Wednesday, June 28, 2006

Luwawa Forest Reserve

Luwawa Forest Reserve May 13th and 14th, 2006

Another VSO meeting? But we just had one in Mua….3 months ago. But since it these meetings are held 4 times throughout the year, it was time for another one. At these meetings we discuss some VSO business, but we also have the chance to get together and meet one another. And they give us the opportunity to see another part of Malawi, as they take place in various places throughout the country and usually within the general region the volunteers work in. I am in Lilongwe, therefore I am part of the Central region. The last one was held in Mua when I did my first hike here in Malawi – which you will remember from my Bembeke to Mua Hike posting. And this latest one was in the Luwawa Forest Reserve in the Viphya Mountains.

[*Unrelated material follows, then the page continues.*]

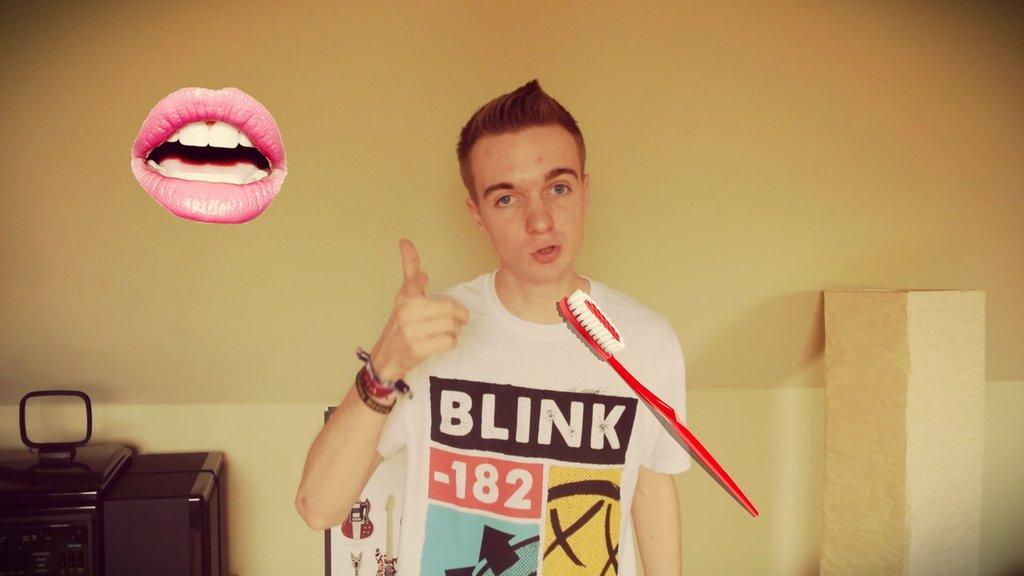What band name is on the t-shirt?
Keep it short and to the point. Blink-182. What numbers are on the shirt?
Your answer should be very brief. 182. 
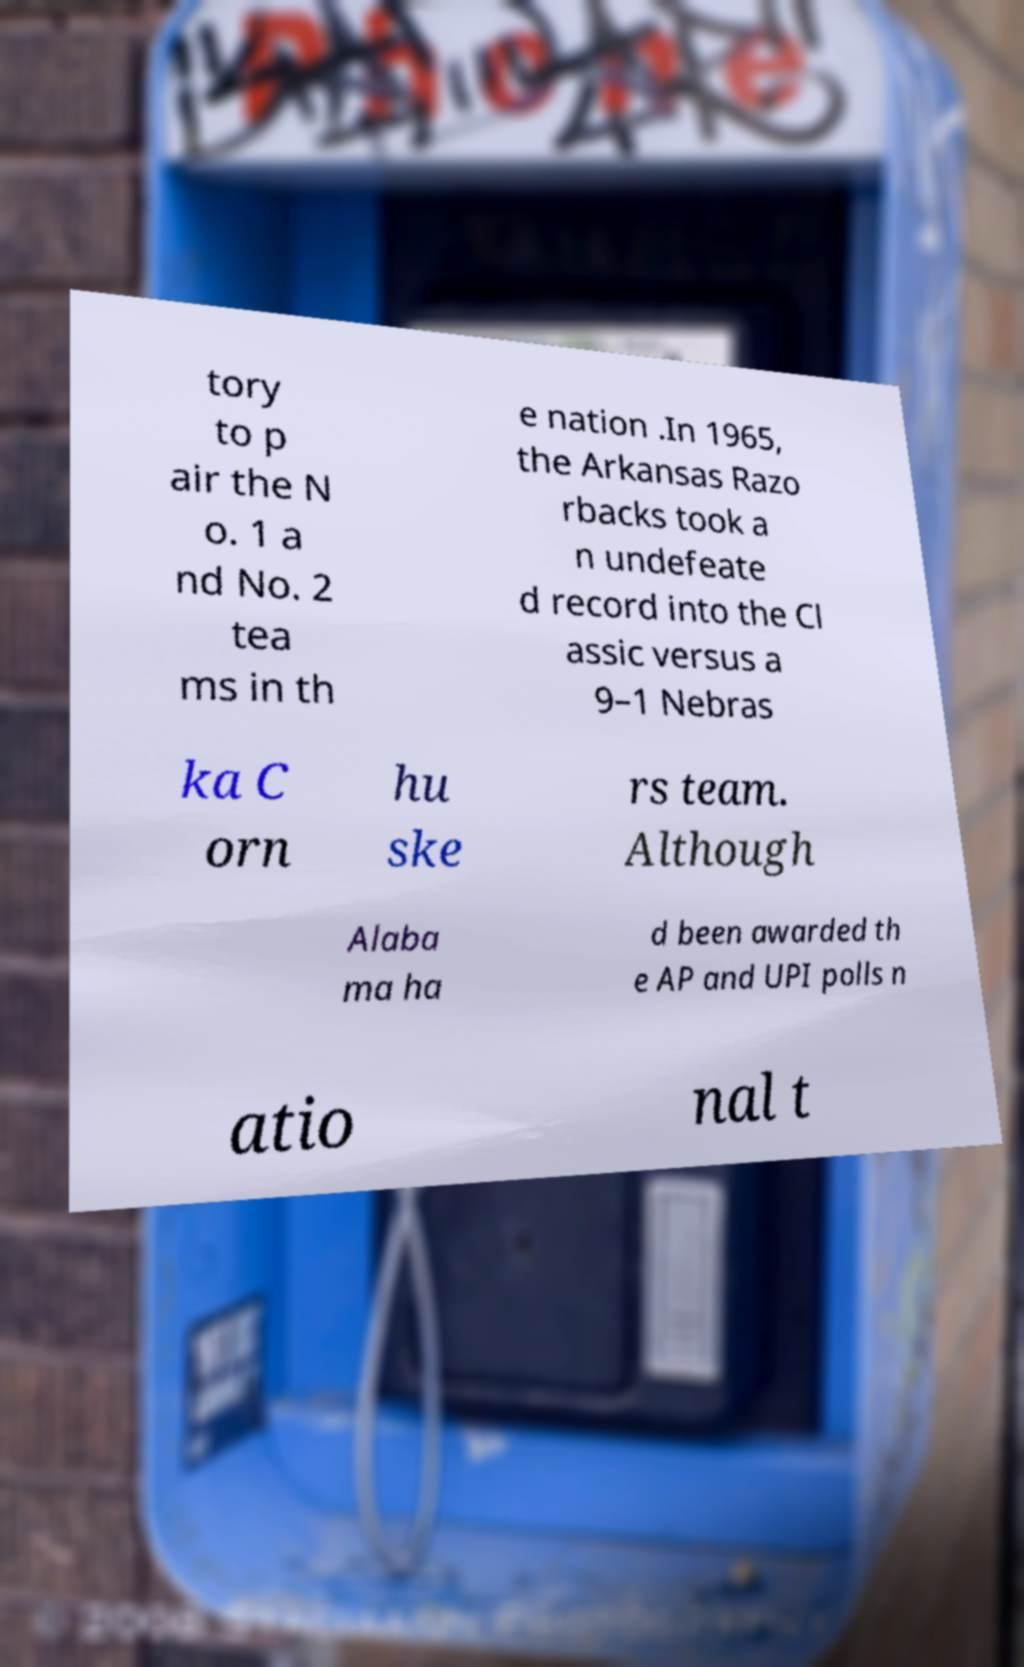There's text embedded in this image that I need extracted. Can you transcribe it verbatim? tory to p air the N o. 1 a nd No. 2 tea ms in th e nation .In 1965, the Arkansas Razo rbacks took a n undefeate d record into the Cl assic versus a 9–1 Nebras ka C orn hu ske rs team. Although Alaba ma ha d been awarded th e AP and UPI polls n atio nal t

I was looking forward to this meeting because the Luwawa Forest Reserve is located north of Lilongwe - an area of Malawi I had yet seen. Also, I soon learned that the lodge was located in some mountains and offered another good opportunity for a hike!
From Lilongwe, the Luwawa Forest is about 3 hours – up the M1 for 2 ½ hrs. and then heading east for another 30 minutes on a dirt road. As we were driving to the lodge on the dirt road, we were greeted by these wonderful children running from their houses to the road screaming” Hiiiiiiiiiii!” Then this would signal for the next group of children a little farther up the road….as they would already be standing next to the road waiting for us to drive by waving their hands and again screaming ”Hellooooooooo!”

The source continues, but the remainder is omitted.